“Righteousness is not that you turn your faces toward the east or the west, but [true] righteousness is [in] one who believes in Allah, the Last Day, the Angels, the Book, and the Prophets and gives wealth, in spite of love for it, to relatives, orphans, the needy, the traveler, those who ask [for help], and for freeing slaves; [and who] establishes prayer and gives zakāh; [those who] fulfill their promise when they promise; and [those who] are patient in poverty and hardship and during battle. Those are the ones who have been true, and it is those who are the righteous.
The Muslim community in the U.S. and Canada may not be large, but we have much more power and influence than we use in a consistent manner. This is especially true when it comes to the issue of preventing slavery and human trafficking. Although this is a global problem, its continuation is perpetrated by a complete lack of response by the population. The only way to effect change in the world is to start changing it! This begins at the most basic level of reading the Quran and understanding what Allah, The Most High, commands us to do. The Quran is a guide for all mankind, and the answer to our human problems and failings lies within its signs.
Remind the believers:
- Imams and leaders can use the Quran and the life example of Prophet Muhammad, peace and blessings be upon him, to remind us of our duties as Muslims toward other human beings. These reminders teach us that our lives are well-rounded, significant and impactful. Islam reminds the believer to look out for those who are poorer, orphaned, or experiencing hardship. Generosity and kindness were personal attributes of the Prophet that we try to emulate. He was reported to have told the believers, “The best of you is the one who is of most benefit to others.” This is a reminder of our human interconnectedness.
Educate the community
- We cannot respond to the issue of modern-day slavery or human trafficking without first understanding the statistics so the full significance and impact of its existence is understood. Muslims, collectively and individually, can educate themselves by checking out the U.S. State Department reports on Trafficking of Human Persons. Knowledge helps us formulate a response so we can work collectively to achieve the balance of good in the society. The Prophet told us, "The world is beautiful and verdant, and verily God, be He exalted, has made you His stewards in it, and He sees how you acquit yourselves."
Protect the Vulnerable
- Agencies that track and report on modern-day slavery and human trafficking reveal that victims are often targeted because they may have behavioral or mental health issues, low self-esteem, use or abuse substances, live in poverty, are involved in gang activity, or have a vulnerable immigration status. Immigrants, as well as religious and ethnic minorities, may experience bullying that makes them susceptible to these issues. We cannot ignore the needs of the more vulnerable amongst us. In Islam, it is our collective responsibility to ensure the safety and well-being of each other. Thus the community needs to have programs in place that offer a safety net for the vulnerable. This may include counseling, food kitchens, youth mentoring, gang prevention initiatives, job training and free or reduced legal advice. In the Prophet’s last sermon, he said, “O People, regard the life and property of every Muslim as a sacred trust…”

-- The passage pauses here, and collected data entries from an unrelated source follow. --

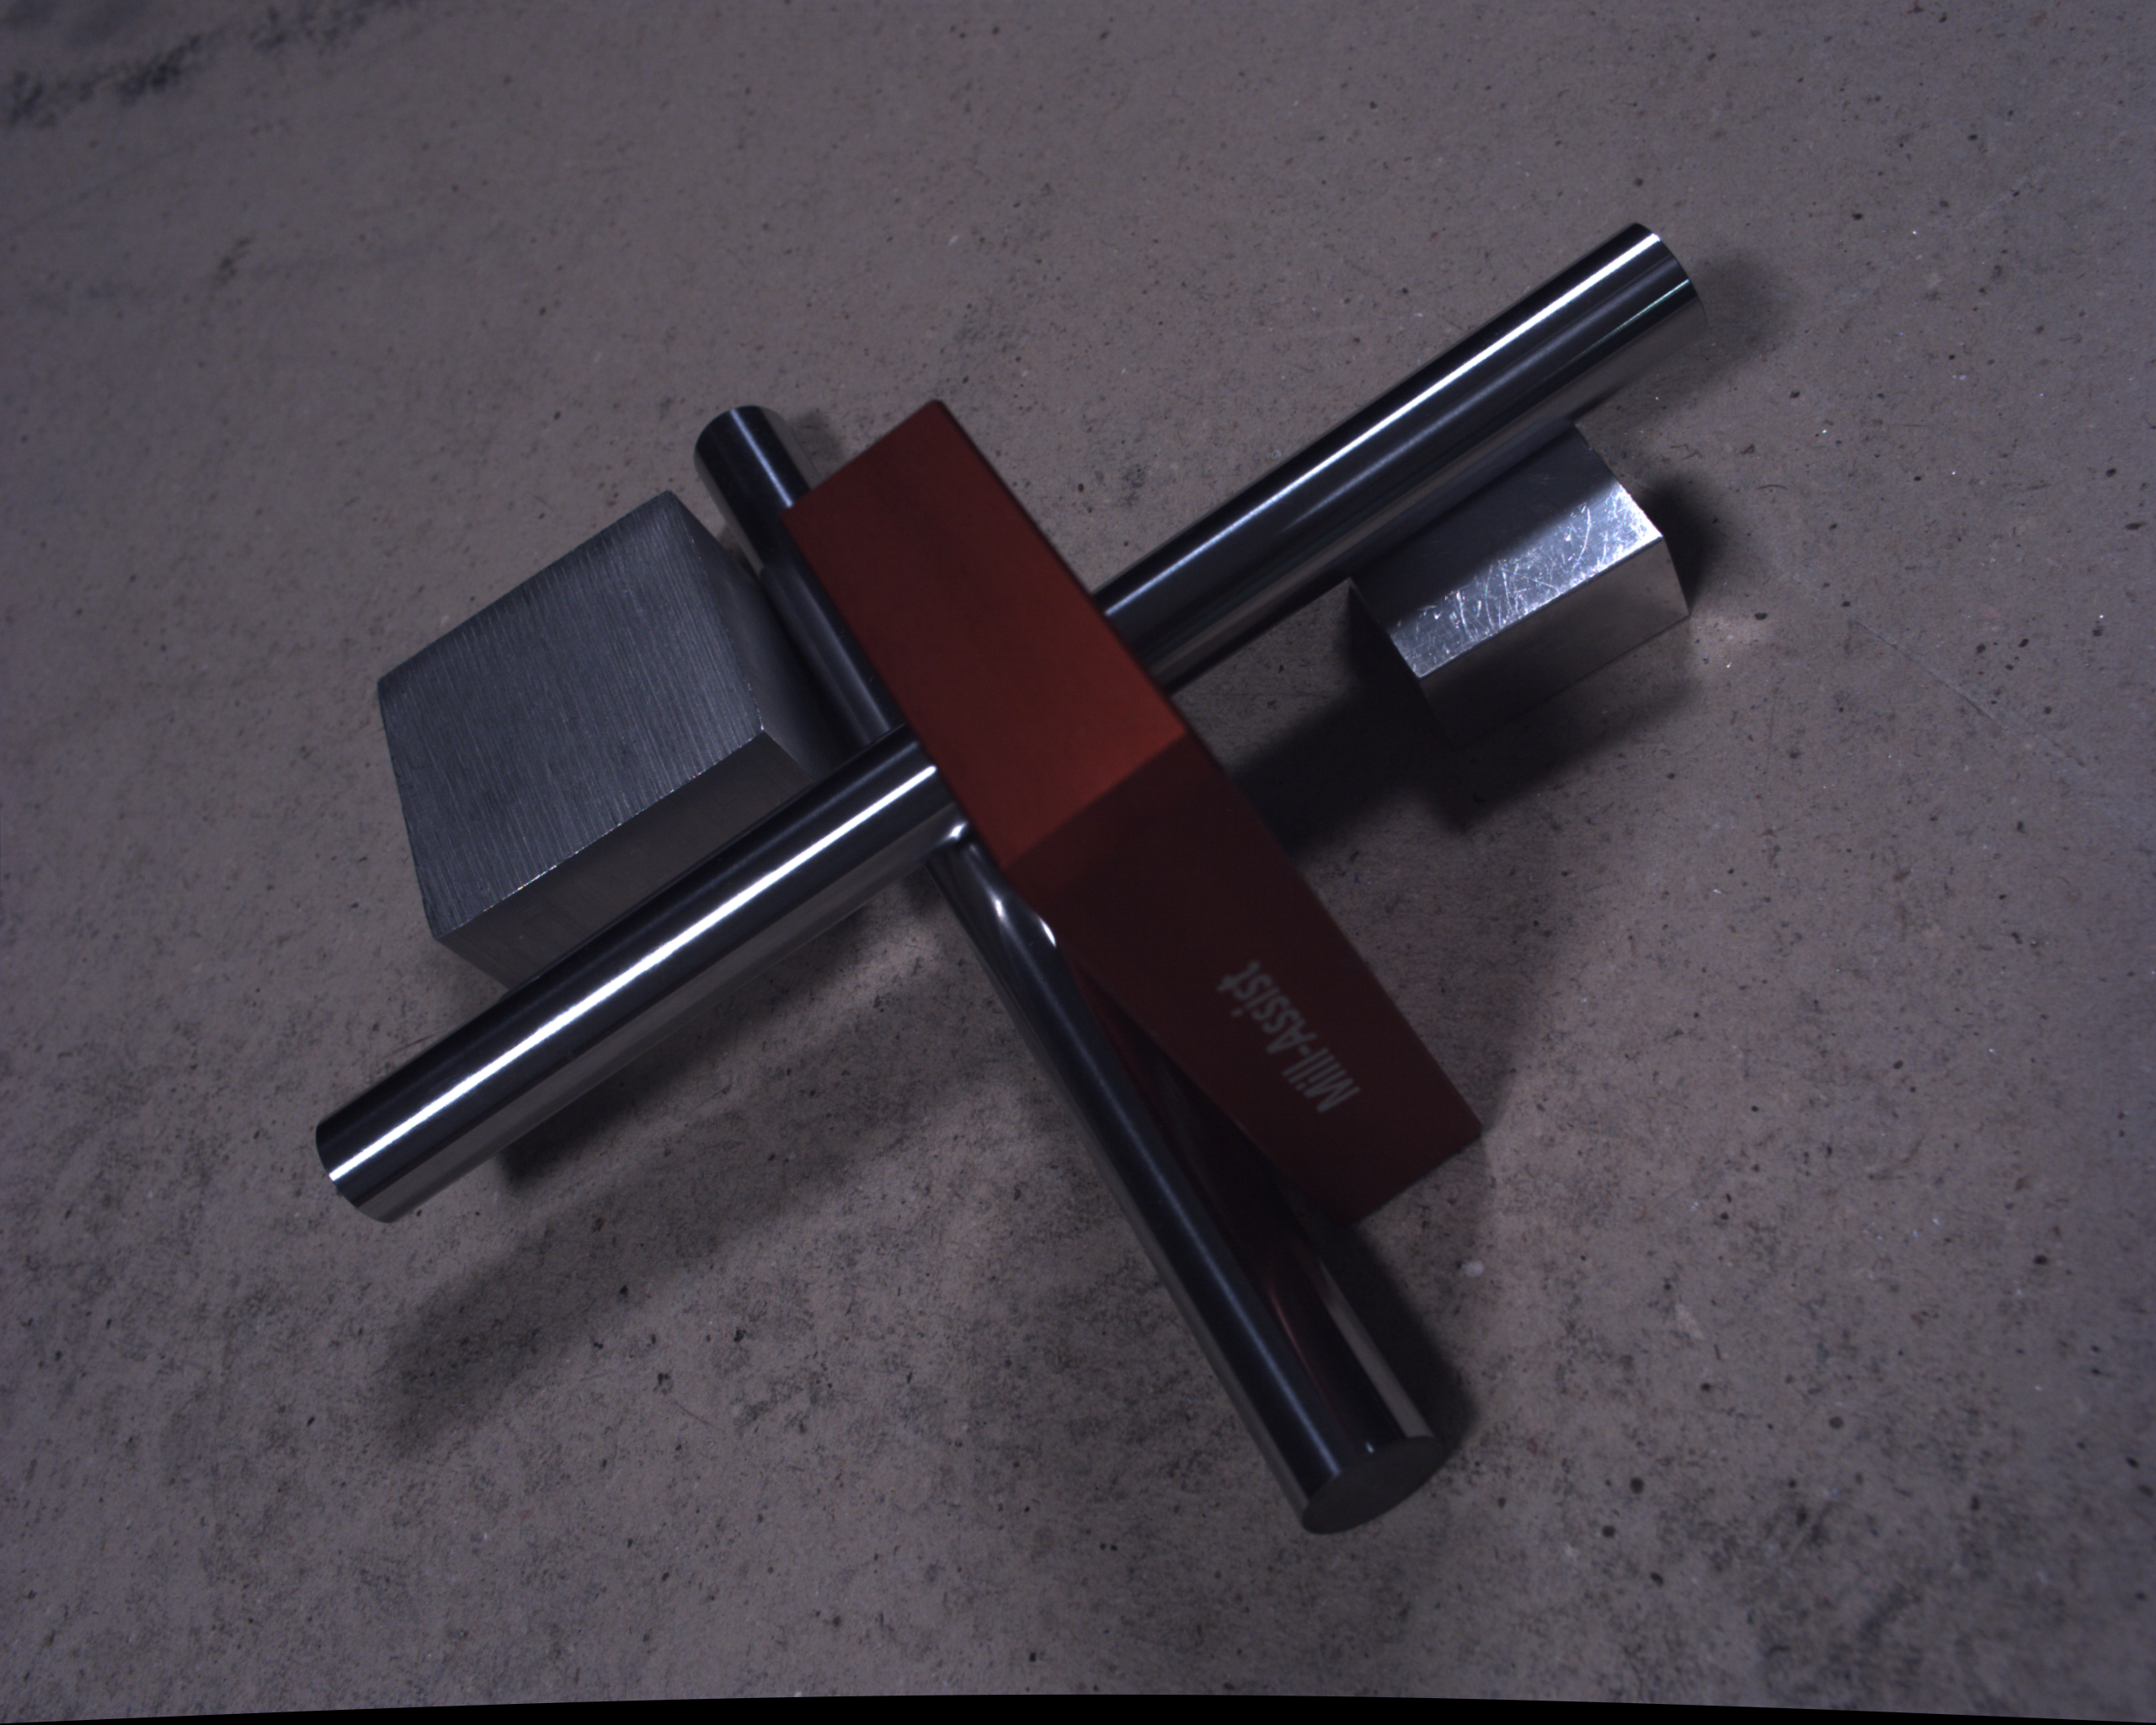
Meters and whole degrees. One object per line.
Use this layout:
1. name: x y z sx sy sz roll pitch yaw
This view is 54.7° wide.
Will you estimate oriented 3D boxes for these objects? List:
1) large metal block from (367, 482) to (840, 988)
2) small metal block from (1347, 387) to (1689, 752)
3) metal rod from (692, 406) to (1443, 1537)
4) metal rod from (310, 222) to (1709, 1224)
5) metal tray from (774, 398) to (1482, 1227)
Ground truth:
1. large metal block: -0.099 -0.022 0.451 0.080 0.050 0.080 -32 52 7
2. small metal block: 0.079 -0.057 0.398 0.050 0.025 0.050 -31 52 8
3. metal rod: -0.018 -0.002 0.415 0.025 0.025 0.300 -36 51 4
4. metal rod: -0.017 -0.023 0.394 0.300 0.025 0.025 -34 52 5
5. metal tray: 0.011 -0.004 0.332 0.030 0.130 0.090 -37 51 4
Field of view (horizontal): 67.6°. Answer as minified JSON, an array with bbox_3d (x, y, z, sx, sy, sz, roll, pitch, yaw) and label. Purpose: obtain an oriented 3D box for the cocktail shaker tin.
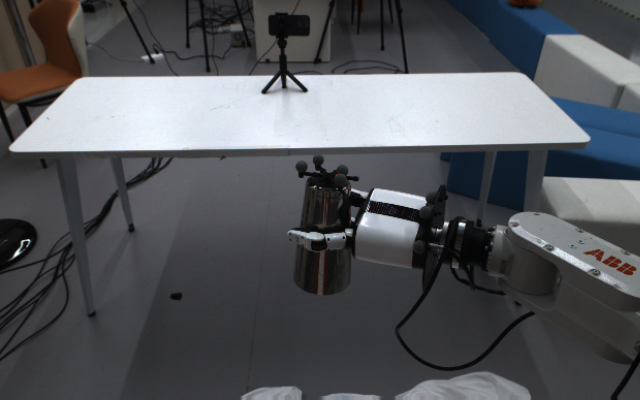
[{"bbox_3d":[0.008,0.048,0.741,0.093,0.170,0.093,3,26,-1],"label":"cocktail shaker tin"}]
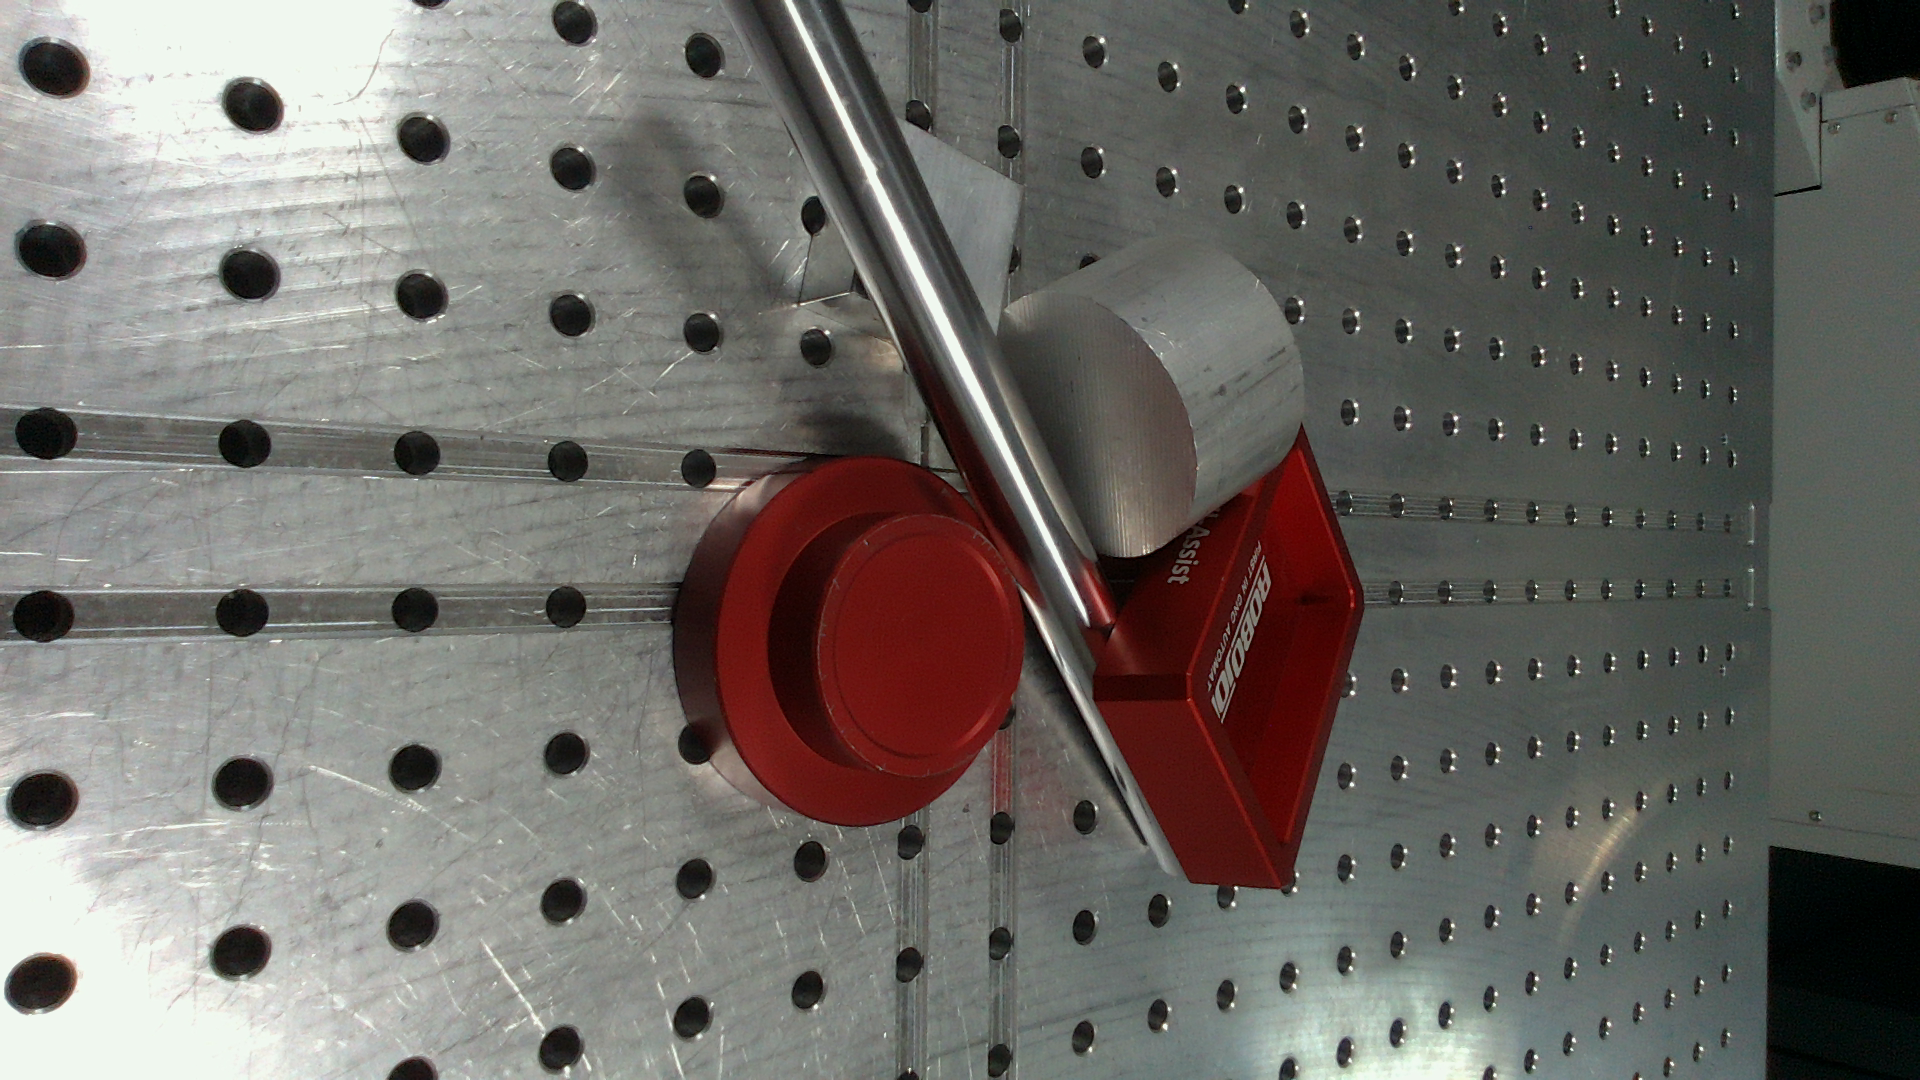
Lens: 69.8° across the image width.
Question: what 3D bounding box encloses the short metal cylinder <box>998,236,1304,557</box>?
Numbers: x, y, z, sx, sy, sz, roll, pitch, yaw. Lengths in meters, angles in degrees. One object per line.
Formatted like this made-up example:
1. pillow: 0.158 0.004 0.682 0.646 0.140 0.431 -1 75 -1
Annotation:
1. short metal cylinder: 0.051 -0.042 0.399 0.050 0.080 0.080 -31 109 -35

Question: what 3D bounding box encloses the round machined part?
1. round machined part: -0.022 0.027 0.362 0.098 0.042 0.098 0 90 -40

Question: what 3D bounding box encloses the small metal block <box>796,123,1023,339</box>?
1. small metal block: -0.013 -0.082 0.381 0.050 0.025 0.050 17 79 -39

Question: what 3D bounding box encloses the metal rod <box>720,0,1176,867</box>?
1. metal rod: 0.015 -0.015 0.383 0.025 0.025 0.300 -47 126 -30

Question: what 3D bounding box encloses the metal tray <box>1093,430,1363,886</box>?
1. metal tray: 0.090 0.031 0.437 0.090 0.030 0.130 61 40 -31
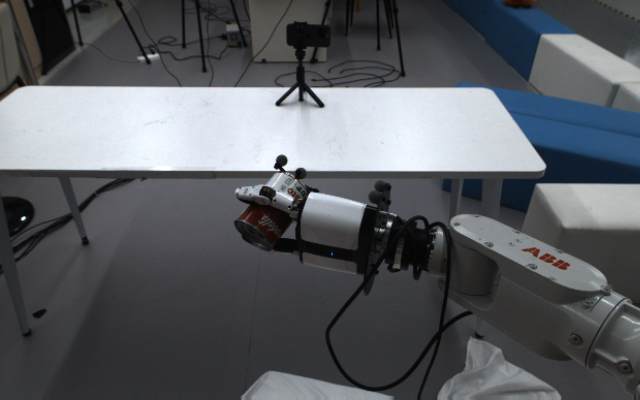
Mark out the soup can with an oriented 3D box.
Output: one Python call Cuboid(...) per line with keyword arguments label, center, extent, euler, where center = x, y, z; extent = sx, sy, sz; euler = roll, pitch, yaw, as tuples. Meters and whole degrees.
Cuboid(label="soup can", center=(-0.068, 0.015, 0.710), extent=(0.067, 0.067, 0.101), euler=(22, 60, 26))
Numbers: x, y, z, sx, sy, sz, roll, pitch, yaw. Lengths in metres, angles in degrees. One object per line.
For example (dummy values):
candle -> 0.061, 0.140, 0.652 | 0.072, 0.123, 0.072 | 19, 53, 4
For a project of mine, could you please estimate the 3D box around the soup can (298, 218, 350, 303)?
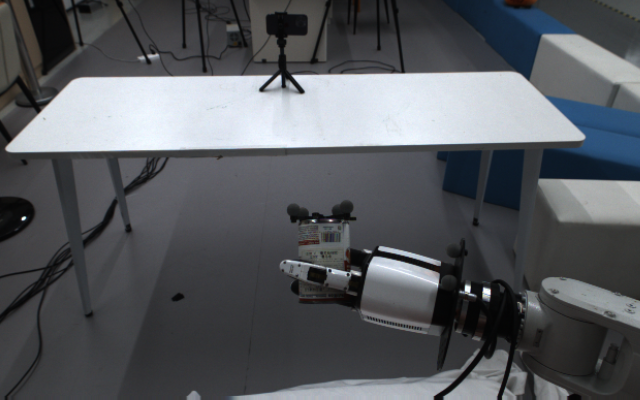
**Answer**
soup can -> 0.007, 0.079, 0.612 | 0.067, 0.101, 0.067 | -1, -9, 0
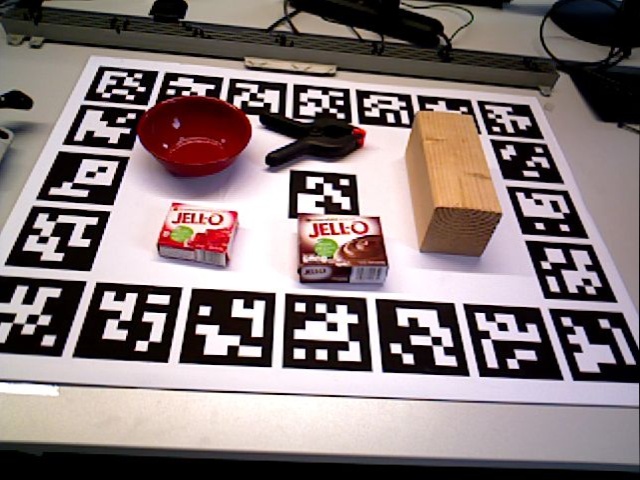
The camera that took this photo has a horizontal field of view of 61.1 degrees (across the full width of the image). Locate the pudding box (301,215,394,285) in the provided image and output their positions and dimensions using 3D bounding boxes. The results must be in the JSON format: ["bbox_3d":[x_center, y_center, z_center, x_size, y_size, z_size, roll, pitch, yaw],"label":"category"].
[{"bbox_3d":[0.032,0.011,0.694,0.113,0.039,0.088,2,54,-3],"label":"pudding box"}]

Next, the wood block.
[{"bbox_3d":[0.191,-0.083,0.758,0.089,0.093,0.202,6,50,-5],"label":"wood block"}]

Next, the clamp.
[{"bbox_3d":[-0.021,-0.157,0.838,0.163,0.037,0.120,-4,51,-13],"label":"clamp"}]

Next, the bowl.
[{"bbox_3d":[-0.179,-0.143,0.791,0.160,0.056,0.159,4,53,-6],"label":"bowl"}]

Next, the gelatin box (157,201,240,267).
[{"bbox_3d":[-0.153,-0.009,0.689,0.089,0.031,0.072,10,51,0],"label":"gelatin box"}]

Don’t be Naïve about Radicalization
- Muslim communities must work to enforce standards of good behavior as outlined in the Quran and life example of Prophet Muhammad, peace and blessings be upon him. Human traffickers are good at manipulation. Extremes within the Muslim community open the door for religious exploitation leading to someone being trafficked. American Muslims who complain that everything about the “West” is evil or wrong are not only being hypocritical about their own presence in these lands, but may also foster a climate of radicalization that can be manipulated in a negative manner.
For instance, in 2022, a young Muslim woman from Alabama was denied reinstatement of her citizenship after leaving the U.S. to join ISIS years prior. She was a victim of trafficking experiencing both sexual and labor coercion. Instances like these remind us to be careful about the climate and messaging within our own communities. We must speak up and against tendencies that go against the spirit of Islam. Human trafficking is a great hardship upon the victim. The Prophet instructs us, "Whoever relieves his brother of a trial or a difficulty in this life, God will relieve him of a trial in the next life."
Partner With Others
- Muslims must advocate for victims of human trafficking. Our influence is broadened when we work as a group to achieve our goals. Inactivity will not effect change.
- Report suspected trafficking in your circle of experience (neighborhood, workplace, school, etc.).
- Partner with human trafficking task forces, coalitions or local anti-trafficking organizations to prevent, reduce. and respond to trafficking.
- Be aware of local service providers for victims.
- Do not support or buy from companies that use child labor in the production of their products. A list of these companies can be found on the internet.
- Stay aware and respond to instances of human trafficking in the news.
- Sponsor workshops and information sessions to raise awareness of the problem.
- Mentor young people to help with their self esteem and connectedness to the community.
- Monitor the challenges of the more vulnerable members of our community.
- Sign the Joint Declaration of Religious Leaders Against Modern Slavery.
The Prophet said, “Each one of you is a shepherd and each one of you shall be asked of his sheep."